> **THE TASK**: Could you copy every entry exactly, dropping the pictures?

..............................

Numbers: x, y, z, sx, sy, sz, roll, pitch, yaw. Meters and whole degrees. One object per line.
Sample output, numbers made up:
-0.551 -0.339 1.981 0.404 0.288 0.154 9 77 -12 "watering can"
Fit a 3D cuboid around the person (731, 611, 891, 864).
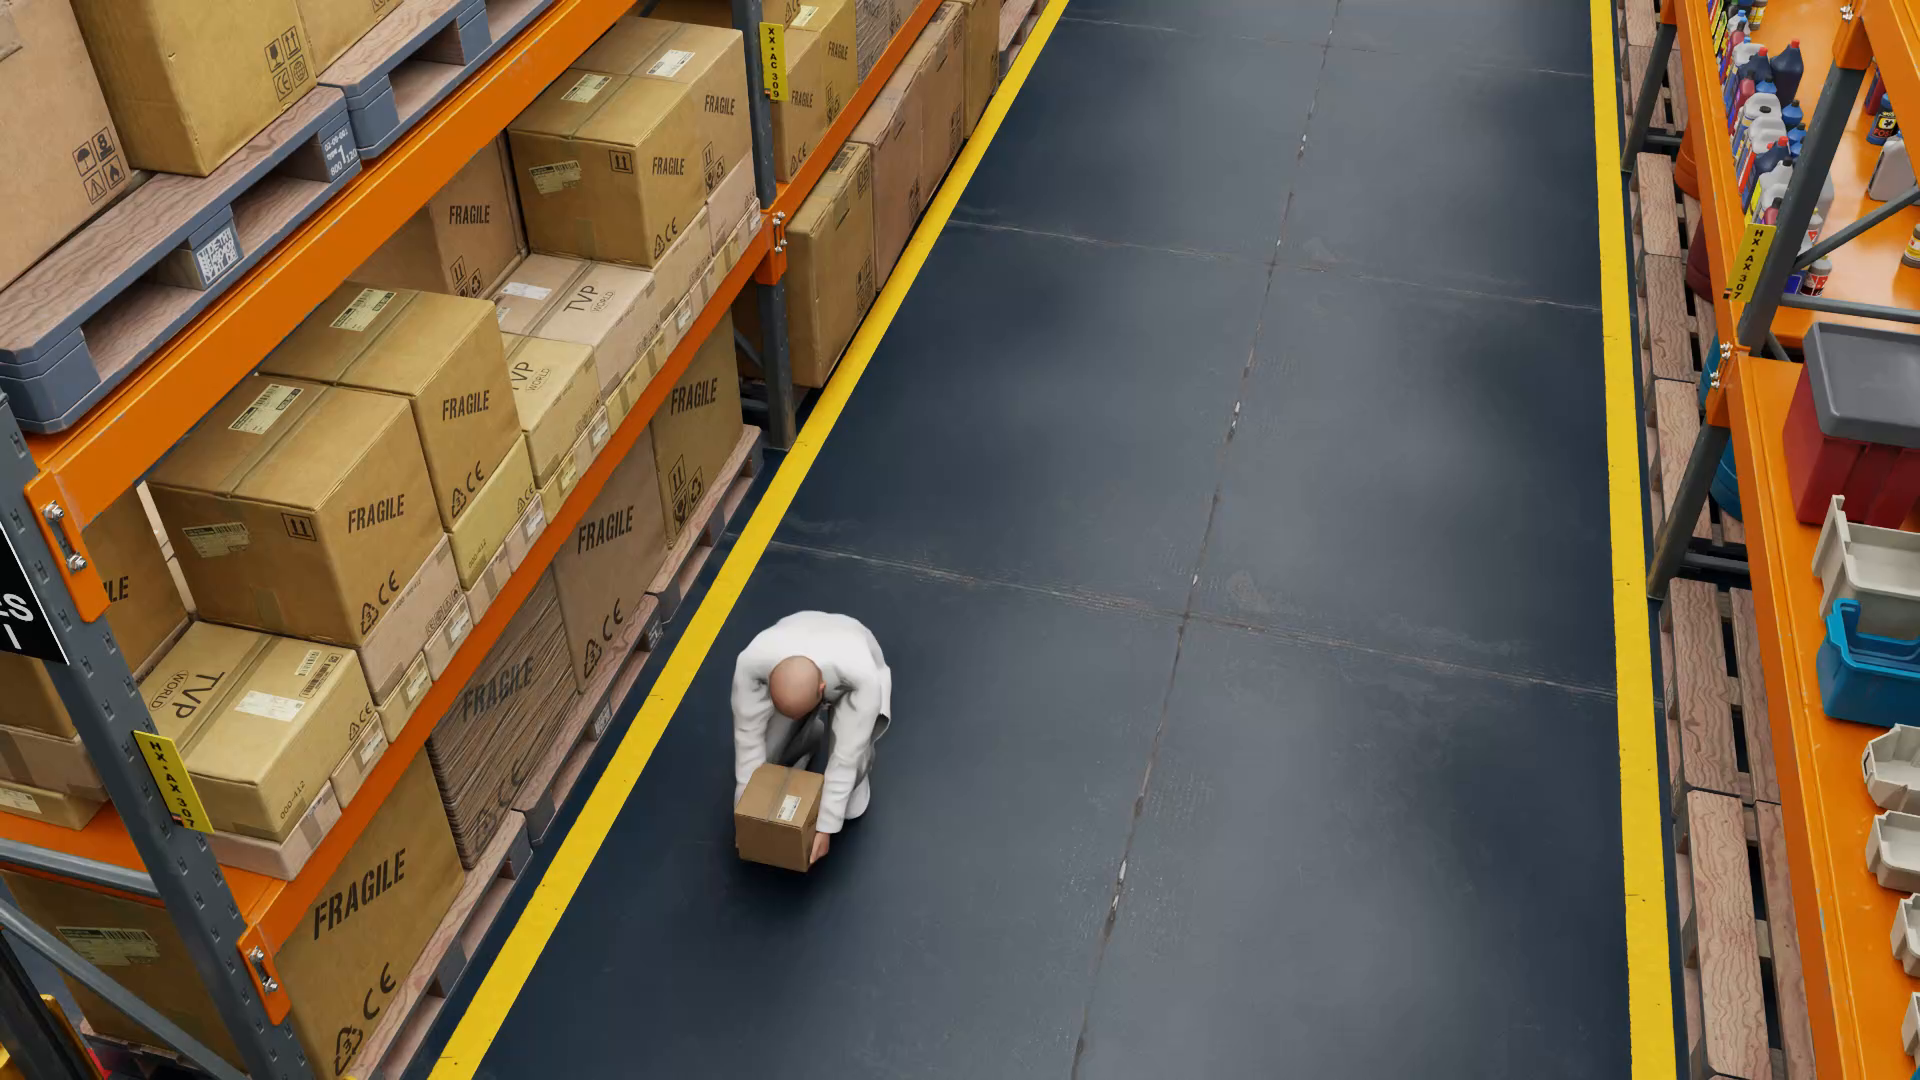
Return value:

..............................

> **TASK SOLUTION**:
Numbers: x, y, z, sx, sy, sz, roll, pitch, yaw. Meters and whole degrees. One object per line.
Sample output, numbers made up:
-0.551 -0.339 1.981 0.404 0.288 0.154 9 77 -12 "watering can"
Fit a 3D cuboid around the person (731, 611, 891, 864).
Return value:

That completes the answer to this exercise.